[RECORDS PROVIDED — start]

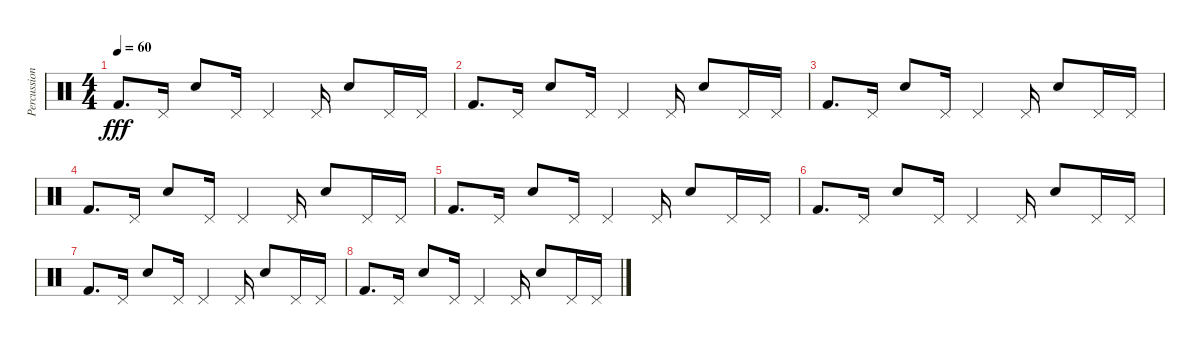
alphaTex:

\track ("Percussion" "Percussion") {instrument percussion}
\staff {score}
\articulation defaults
\ts (4 4)
\tempo 60
\clef neutral
\ks c "Kick (hit) 2".8{d dy fff} "Pedal Hi-Hat (hit)".16 "Snare (hit) 2".8 "Pedal Hi-Hat (hit)".16 "Pedal Hi-Hat (hit)".4 "Pedal Hi-Hat (hit)".16 "Snare (hit) 2".8 "Pedal Hi-Hat (hit)".16 "Pedal Hi-Hat (hit)".16
|
"Kick (hit) 2".8{d} "Pedal Hi-Hat (hit)".16 "Snare (hit) 2".8 "Pedal Hi-Hat (hit)".16 "Pedal Hi-Hat (hit)".4 "Pedal Hi-Hat (hit)".16 "Snare (hit) 2".8 "Pedal Hi-Hat (hit)".16 "Pedal Hi-Hat (hit)".16 |
"Kick (hit) 2".8{d} "Pedal Hi-Hat (hit)".16 "Snare (hit) 2".8 "Pedal Hi-Hat (hit)".16 "Pedal Hi-Hat (hit)".4 "Pedal Hi-Hat (hit)".16 "Snare (hit) 2".8 "Pedal Hi-Hat (hit)".16 "Pedal Hi-Hat (hit)".16 |
"Kick (hit) 2".8{d} "Pedal Hi-Hat (hit)".16 "Snare (hit) 2".8 "Pedal Hi-Hat (hit)".16 "Pedal Hi-Hat (hit)".4 "Pedal Hi-Hat (hit)".16 "Snare (hit) 2".8 "Pedal Hi-Hat (hit)".16 "Pedal Hi-Hat (hit)".16 |
"Kick (hit) 2".8{d} "Pedal Hi-Hat (hit)".16 "Snare (hit) 2".8 "Pedal Hi-Hat (hit)".16 "Pedal Hi-Hat (hit)".4 "Pedal Hi-Hat (hit)".16 "Snare (hit) 2".8 "Pedal Hi-Hat (hit)".16 "Pedal Hi-Hat (hit)".16 |
"Kick (hit) 2".8{d} "Pedal Hi-Hat (hit)".16 "Snare (hit) 2".8 "Pedal Hi-Hat (hit)".16 "Pedal Hi-Hat (hit)".4 "Pedal Hi-Hat (hit)".16 "Snare (hit) 2".8 "Pedal Hi-Hat (hit)".16 "Pedal Hi-Hat (hit)".16 |
"Kick (hit) 2".8{d} "Pedal Hi-Hat (hit)".16 "Snare (hit) 2".8 "Pedal Hi-Hat (hit)".16 "Pedal Hi-Hat (hit)".4 "Pedal Hi-Hat (hit)".16 "Snare (hit) 2".8 "Pedal Hi-Hat (hit)".16 "Pedal Hi-Hat (hit)".16 |
"Kick (hit) 2".8{d} "Pedal Hi-Hat (hit)".16 "Snare (hit) 2".8 "Pedal Hi-Hat (hit)".16 "Pedal Hi-Hat (hit)".4 "Pedal Hi-Hat (hit)".16 "Snare (hit) 2".8 "Pedal Hi-Hat (hit)".16 "Pedal Hi-Hat (hit)".16

[RECORDS PROVIDED — finish]

WHAT IS REQUIRED: Without any pictures, print the whole listing again exactly as it stands.

COMPLETED TASK:
alphaTex:

\track ("Percussion" "Percussion") {instrument percussion}
\staff {score}
\articulation defaults
\ts (4 4)
\tempo 60
\clef neutral
\ks c "Kick (hit) 2".8{d dy fff} "Pedal Hi-Hat (hit)".16 "Snare (hit) 2".8 "Pedal Hi-Hat (hit)".16 "Pedal Hi-Hat (hit)".4 "Pedal Hi-Hat (hit)".16 "Snare (hit) 2".8 "Pedal Hi-Hat (hit)".16 "Pedal Hi-Hat (hit)".16
|
"Kick (hit) 2".8{d} "Pedal Hi-Hat (hit)".16 "Snare (hit) 2".8 "Pedal Hi-Hat (hit)".16 "Pedal Hi-Hat (hit)".4 "Pedal Hi-Hat (hit)".16 "Snare (hit) 2".8 "Pedal Hi-Hat (hit)".16 "Pedal Hi-Hat (hit)".16 |
"Kick (hit) 2".8{d} "Pedal Hi-Hat (hit)".16 "Snare (hit) 2".8 "Pedal Hi-Hat (hit)".16 "Pedal Hi-Hat (hit)".4 "Pedal Hi-Hat (hit)".16 "Snare (hit) 2".8 "Pedal Hi-Hat (hit)".16 "Pedal Hi-Hat (hit)".16 |
"Kick (hit) 2".8{d} "Pedal Hi-Hat (hit)".16 "Snare (hit) 2".8 "Pedal Hi-Hat (hit)".16 "Pedal Hi-Hat (hit)".4 "Pedal Hi-Hat (hit)".16 "Snare (hit) 2".8 "Pedal Hi-Hat (hit)".16 "Pedal Hi-Hat (hit)".16 |
"Kick (hit) 2".8{d} "Pedal Hi-Hat (hit)".16 "Snare (hit) 2".8 "Pedal Hi-Hat (hit)".16 "Pedal Hi-Hat (hit)".4 "Pedal Hi-Hat (hit)".16 "Snare (hit) 2".8 "Pedal Hi-Hat (hit)".16 "Pedal Hi-Hat (hit)".16 |
"Kick (hit) 2".8{d} "Pedal Hi-Hat (hit)".16 "Snare (hit) 2".8 "Pedal Hi-Hat (hit)".16 "Pedal Hi-Hat (hit)".4 "Pedal Hi-Hat (hit)".16 "Snare (hit) 2".8 "Pedal Hi-Hat (hit)".16 "Pedal Hi-Hat (hit)".16 |
"Kick (hit) 2".8{d} "Pedal Hi-Hat (hit)".16 "Snare (hit) 2".8 "Pedal Hi-Hat (hit)".16 "Pedal Hi-Hat (hit)".4 "Pedal Hi-Hat (hit)".16 "Snare (hit) 2".8 "Pedal Hi-Hat (hit)".16 "Pedal Hi-Hat (hit)".16 |
"Kick (hit) 2".8{d} "Pedal Hi-Hat (hit)".16 "Snare (hit) 2".8 "Pedal Hi-Hat (hit)".16 "Pedal Hi-Hat (hit)".4 "Pedal Hi-Hat (hit)".16 "Snare (hit) 2".8 "Pedal Hi-Hat (hit)".16 "Pedal Hi-Hat (hit)".16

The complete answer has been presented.